My approach is as follow

$\sqrt 3 \sin C = 2\sec A - \tan A \Rightarrow \sqrt 3 \sin C = \sec A + \sec A - \tan A$

$\sqrt 3 \sin C = \sec A + \left( {\frac{{{{\sec }^2}A - {{\tan }^2}A}}{{\sec A + \tan A}}} \right) \Rightarrow \sqrt 3 \sin C = \sec A + \left( {\frac{1}{{\sec A + \tan A}}} \right)$

$\sqrt 3 \sin C = \sec A + \left( {\frac{{\cos A}}{{1 + \sin A}}} \right) \Rightarrow \sqrt 3 \sin C = \frac{1}{{\cos A}} + \left( {\frac{{\cos A}}{{1 + \sin A}}} \right) \Rightarrow \sqrt 3 \sin C = \frac{{1 + \sin A + 1 - {{\sin }^2}A}}{{\cos A\left( {1 + \sin A} \right)}}$

$\sqrt 3 \sin C = \frac{{2 + \sin A - {{\sin }^2}A}}{{\cos A\left( {1 + \sin A} \right)}}$

Not able to proceed further

4 Answers4

5

Hint:

We have $$\sqrt3\sin C\cos A+\sin A=2$$

But $$\sqrt3\sin C\cos A+\sin A\le\sqrt{(\sqrt3\sin C)^2+1^2}=\sqrt{4-3\cos^2C}\le2$$

The equality occurs if $\cos C=0$

1

Use Weierstrass substitution

$$\sqrt3\sin C=\dfrac{2(1+t^2)-2t}{1-t^2}$$

$$\iff t^2(2+\sqrt3\sin C)-2t+2-\sqrt3\sin C=0$$

The discriminant $=2^2-4(2^2-3\sin^2C)=-12\cos^2C$ which is $\le0$

But we need $-12\cos^2C\ge0\implies12\cos^2C=0$

1

Another approach:

Assume $0\le x\lt1$, then: $$4x^2+1\ge4x\implies 4-4x+x^2\ge 3-3x^2\implies \frac {(2-x)^2}{1-x^2}\ge3\implies \frac {2-x}{\sqrt {1-x^2}}\ge \sqrt3;$$

notice the equality holds when $x=\frac{1}{2}.$ Now, we have: $$\sqrt3 \sin C=\frac{2}{cos A}-\frac{\sin A}{\cos A}=\frac {2-\sin A}{\sqrt {1-\sin^2 A}}.$$

Hence, by putting $x=\sin A$, we come to the conclusion that $\sin C=1$ and $\sin A=\frac {1}{2}.$

Reza Rajaei
  • 5,183
1

We had $\sqrt{3}\sin C\cos A+\sin A=2$.

It is well-known that the maximum of $a\cos\theta+b\sin\theta$ is $\sqrt{a^2+b^2}$ (and also its minumum is $-\sqrt{a^2+b^2}$).

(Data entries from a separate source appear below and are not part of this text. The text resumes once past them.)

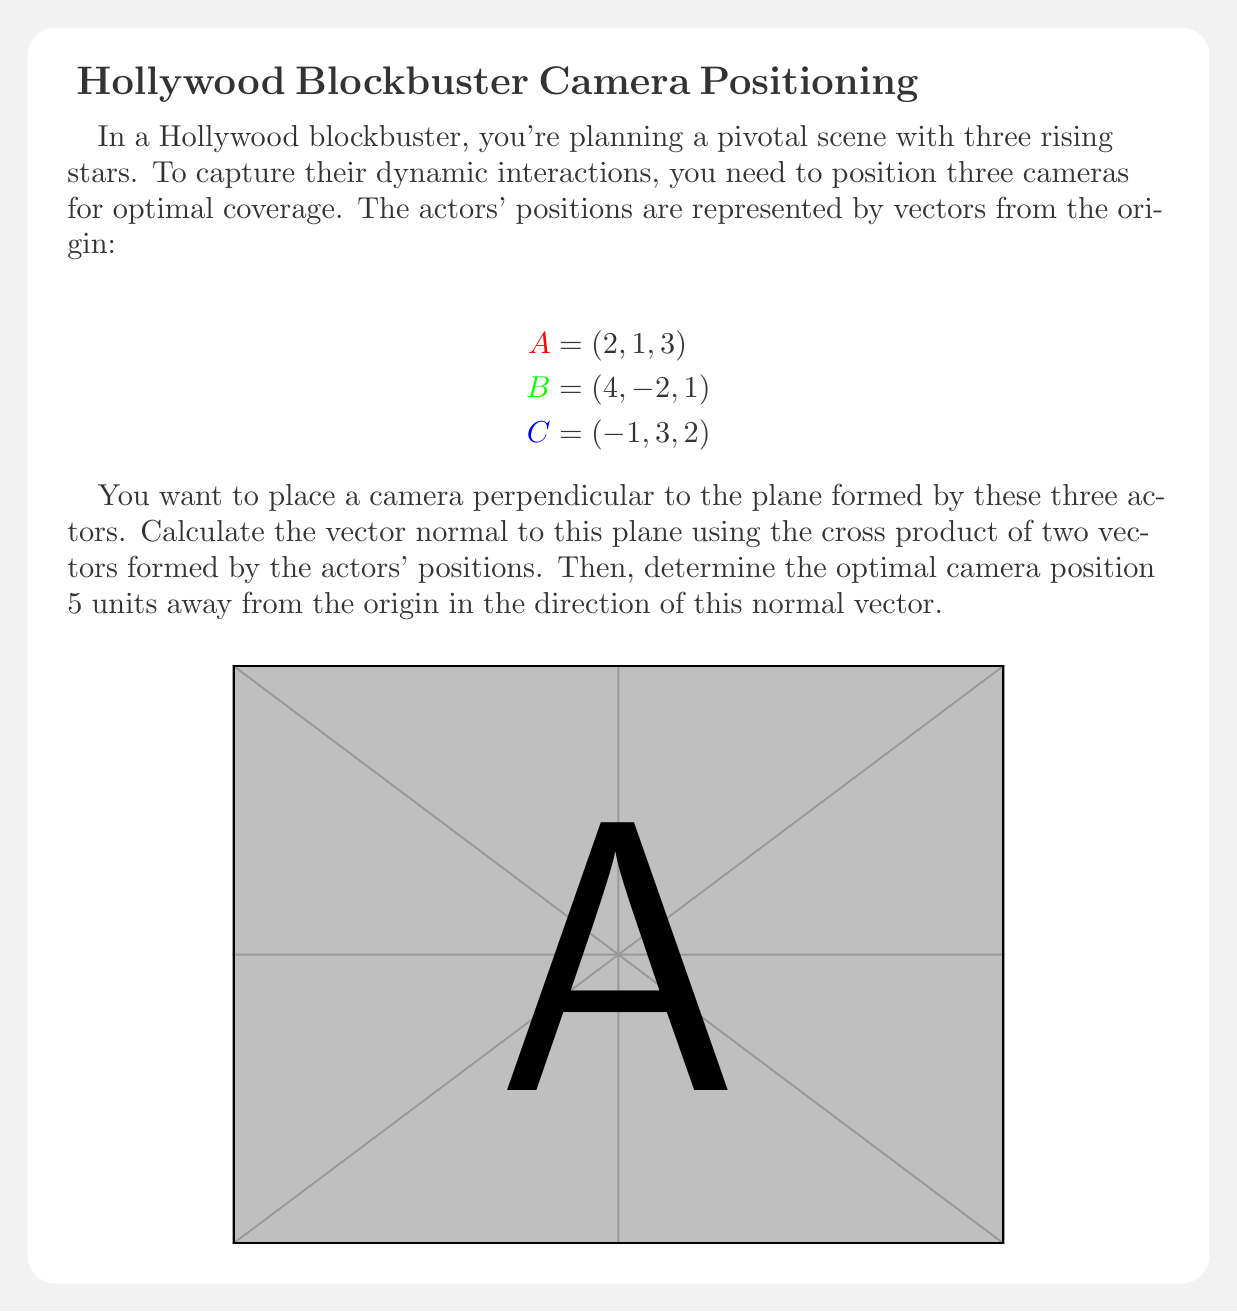Give your solution to this math problem. Let's approach this step-by-step:

1) First, we need to find two vectors on the plane. We can do this by subtracting the position vectors:

   $$\vec{AB} = B - A = (4, -2, 1) - (2, 1, 3) = (2, -3, -2)$$
   $$\vec{AC} = C - A = (-1, 3, 2) - (2, 1, 3) = (-3, 2, -1)$$

2) The normal vector to the plane is the cross product of these two vectors:

   $$\vec{n} = \vec{AB} \times \vec{AC}$$

3) Calculate the cross product:

   $$\vec{n} = \begin{vmatrix} 
   i & j & k \\
   2 & -3 & -2 \\
   -3 & 2 & -1
   \end{vmatrix}$$

   $$= ((-3)(-1) - (-2)(2))i - ((2)(-1) - (-2)(-3))j + ((2)(2) - (-3)(-3))k$$
   
   $$= (-3 + 4)i - (-2 + 6)j + (4 - 9)k$$
   
   $$= i - 8j - 5k$$

4) So, the normal vector is $\vec{n} = (1, -8, -5)$

5) To find the unit vector in this direction, we normalize $\vec{n}$:

   $$\|\vec{n}\| = \sqrt{1^2 + (-8)^2 + (-5)^2} = \sqrt{90}$$

   $$\hat{n} = \frac{\vec{n}}{\|\vec{n}\|} = (\frac{1}{\sqrt{90}}, \frac{-8}{\sqrt{90}}, \frac{-5}{\sqrt{90}})$$

6) The camera position is 5 units in this direction:

   $$\text{Camera} = 5\hat{n} = (\frac{5}{\sqrt{90}}, \frac{-40}{\sqrt{90}}, \frac{-25}{\sqrt{90}})$$
Answer: $(\frac{5}{\sqrt{90}}, \frac{-40}{\sqrt{90}}, \frac{-25}{\sqrt{90}})$

So, the maximum of $\sqrt{3}\sin C\cos A+\sin A$ is $\sqrt{3\sin^2 C+1}$. It is clear that $\sqrt{3\sin^2 C+1}$ can be at most $2$ and it occurs at $C=90^{\circ}$ in the interval $(0^{\circ},180^{\circ})$. So, $\sqrt{3}\sin C\cos A+\sin A=2$ only if $C=90^{\circ}$.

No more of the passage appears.